I need to normalize my data columns so that the top data maps to approximately 1.0 and the bottom data maps to approximately -1.0. The data has been tagged with section column with top, falling, bottom and rising data.
using DataFrames, Statistics
df = DataFrame(
sec = ["t", "t", "f", "f", "f", "b", "b", "r", "r", "r"],
a = [1.01, 0.99, 0.5, 0.0, -0.5, -0.99, -1.01, -0.5, 0, 0.5],
b = 0.5 .+ [1.01, 0.99, 0.5, 0.0, -0.5, -0.99, -1.01, -0.5, 0, 0.5],
c = 0.5 .+ 2.0 .* [1.01, 0.99, 0.5, 0.0, -0.5, -0.99, -1.01, -0.5, 0, 0.5]
)
df
10×4 DataFrame
Row │ sec a b c
│ String Float64 Float64 Float64
─────┼───────────────────────────────────
1 │ t 1.01 1.51 2.52
2 │ t 0.99 1.49 2.48
3 │ f 0.5 1.0 1.5
4 │ f 0.0 0.5 0.5
5 │ f -0.5 0.0 -0.5
6 │ b -0.99 -0.49 -1.48
7 │ b -1.01 -0.51 -1.52
8 │ r -0.5 0.0 -0.5
9 │ r 0.0 0.5 0.5
10 │ r 0.5 1.0 1.5
I ended up with creating additional data structures, highdf and lowdf for intermediate calculations, and then normalizing each column individually using the data stored in the highdf and lowdf for that column, creating the normalized data frame one column at a time, appending it to the resultant dataframe.
highdf = combine(filter(:sec => x -> x == "t", df), Not(:sec) .=> mean, renamecols=false)
lowdf = combine(filter(:sec => x -> x == "b", df), Not(:sec) .=> mean, renamecols=false)
println("highdf = ", highdf)
println("lowdf = ", lowdf)
normdf = select(df, :sec)
for (colname, colvals) in pairs(eachcol(df[:, Not(:sec)]))
normdf[!, colname] =
(colvals .* 2.0 .- (highdf[1, colname] + lowdf[1, colname])) .*
(1.0 / (highdf[1, colname] - lowdf[1, colname]))
end
highdf
1×3 DataFrame
Row │ a b c
│ Float64 Float64 Float64
─────┼───────────────────────────
1 │ 1.0 1.5 2.5
lowdf
1×3 DataFrame
Row │ a b c
│ Float64 Float64 Float64
─────┼───────────────────────────
1 │ -1.0 -0.5 -1.5
normdf
10×4 DataFrame
Row │ sec a b c
│ String Float64 Float64 Float64
─────┼───────────────────────────────────
1 │ t 1.01 1.01 1.01
2 │ t 0.99 0.99 0.99
3 │ f 0.5 0.5 0.5
4 │ f 0.0 0.0 0.0
5 │ f -0.5 -0.5 -0.5
6 │ b -0.99 -0.99 -0.99
7 │ b -1.01 -1.01 -1.01
8 │ r -0.5 -0.5 -0.5
9 │ r 0.0 0.0 0.0
10 │ r 0.5 0.5 0.5
I would like to simplify and speed up the code by using a single transformation. However, I ran into two problems creating an anonymous function to apply the normalization to a column.

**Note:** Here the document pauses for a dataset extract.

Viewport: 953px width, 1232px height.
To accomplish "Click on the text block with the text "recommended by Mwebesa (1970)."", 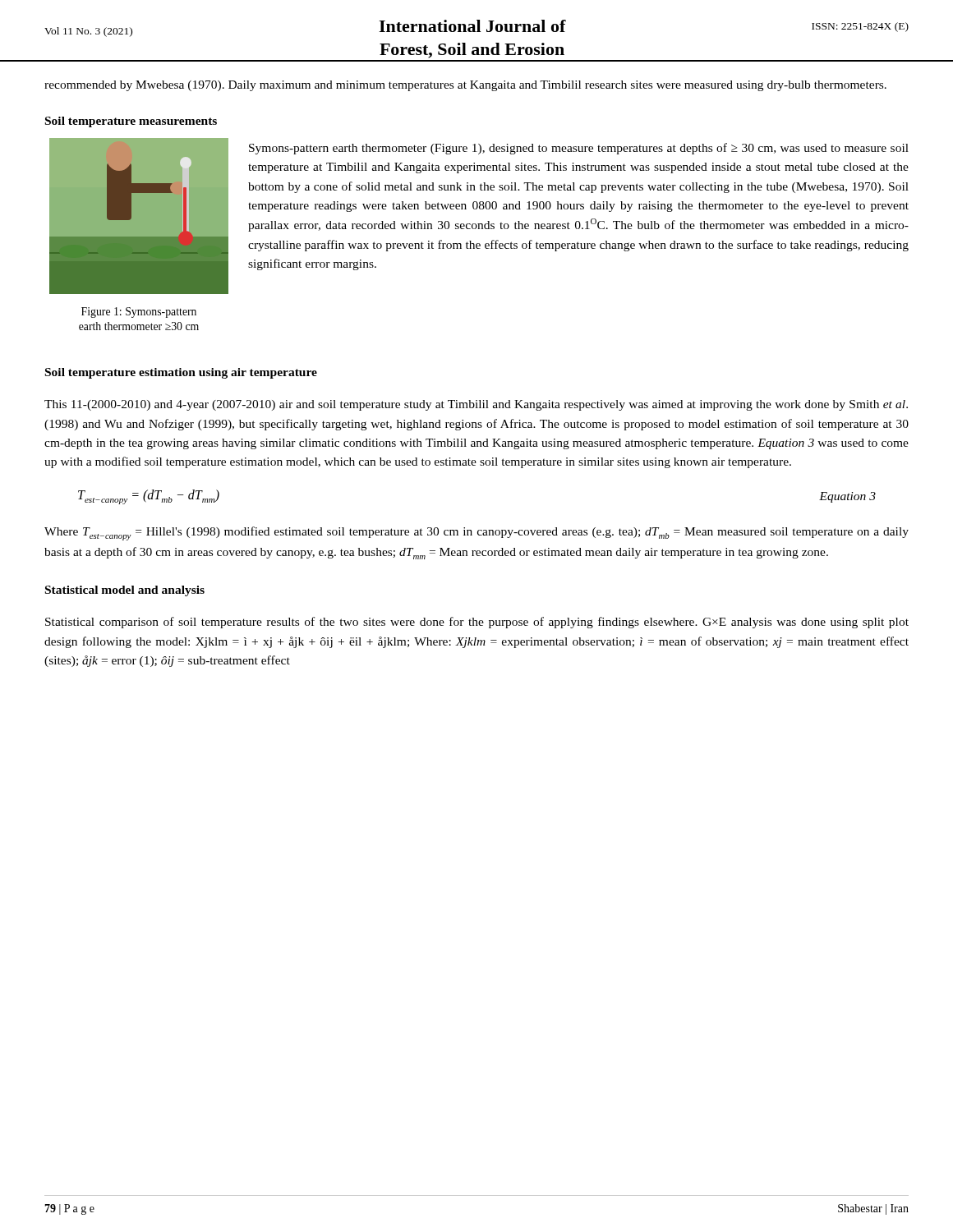I will pyautogui.click(x=476, y=84).

First - to select the data used in averaging the top and bottom data requires accessing the :sec column of the data to filter for the top and bottom data. Second - storing the high a low averages of the column in local variables so that these values can be used multiple times in the normalization.
How do I write this as a single transformation like the following?
normdf = transform(
df,
Not(:sec) .=> (
colvals ->
local high = mean(filter(df[:, :sec] => (x .-> x == "t"), colvals))

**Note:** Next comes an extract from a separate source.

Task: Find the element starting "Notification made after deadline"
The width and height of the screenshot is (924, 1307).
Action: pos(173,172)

local lowh = mean(filter(df[:, :sec] => (x .-> x == "b"), colvals))
(colvals .* 2.0 .- (high + low)) .* (1.0 / (high - low))
),
renamecols=false
)
After much searching, I found Julia has two features that enable the above code to be cleanly implemented in a single transformation:
First: Logical Indexing. Julia transform only passes the colvals, not the colnames to the function. In this case, I employ logical indexing into the colvals so I don't need to know which column I'm working on.

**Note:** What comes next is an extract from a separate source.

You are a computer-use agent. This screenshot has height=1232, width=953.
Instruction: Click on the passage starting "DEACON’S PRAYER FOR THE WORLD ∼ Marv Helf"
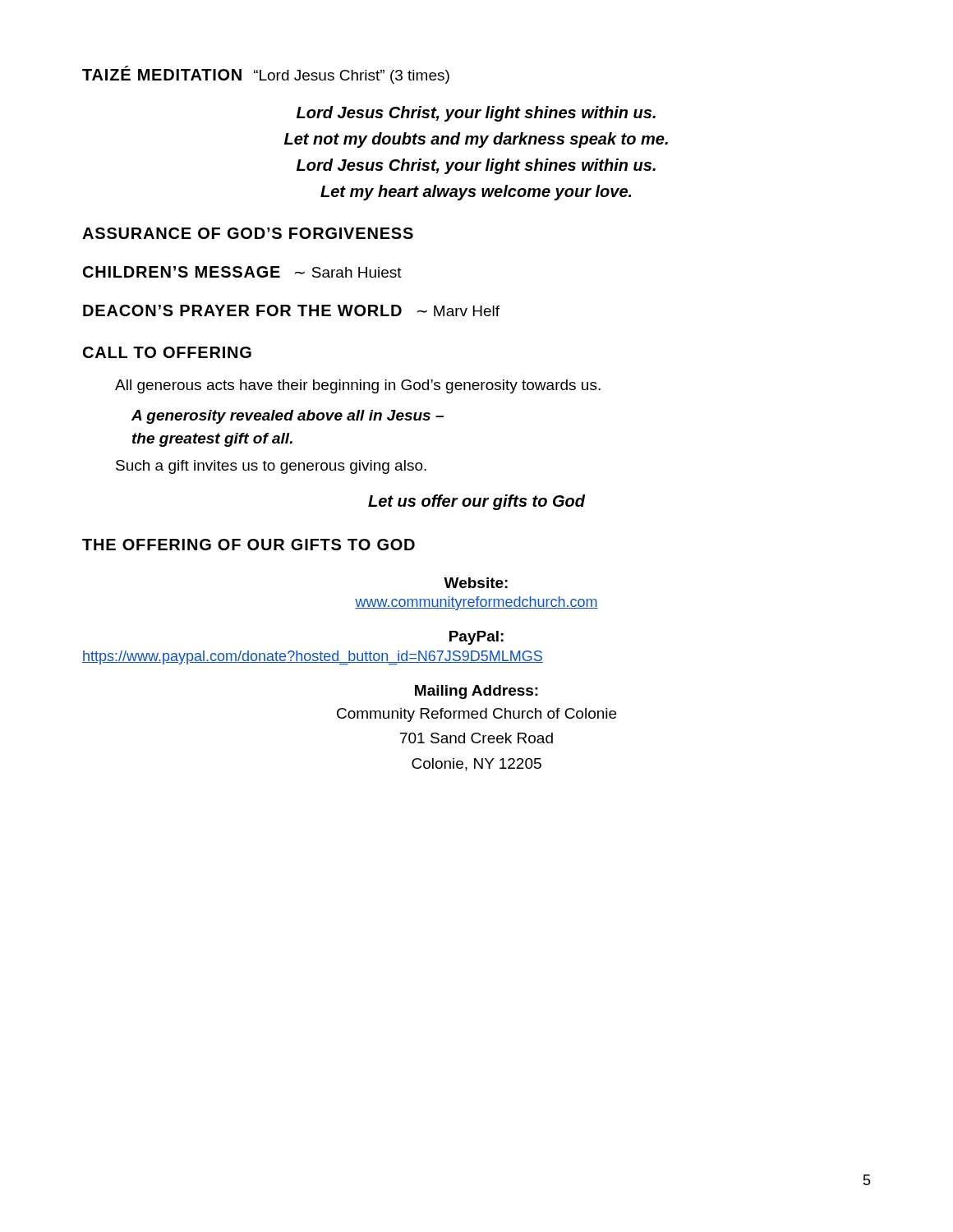pyautogui.click(x=291, y=311)

Second: Compound Expressions. Julia interprites multiple expressions within a single begin end block as a single expression. Further, the begin end block acts as the frame for variables. New variables within this frame are declared locally to the frame, so "local" is not required.
The compiler should note that the logical indexing for computing the mean is constant for all columns and compute the indexing only once.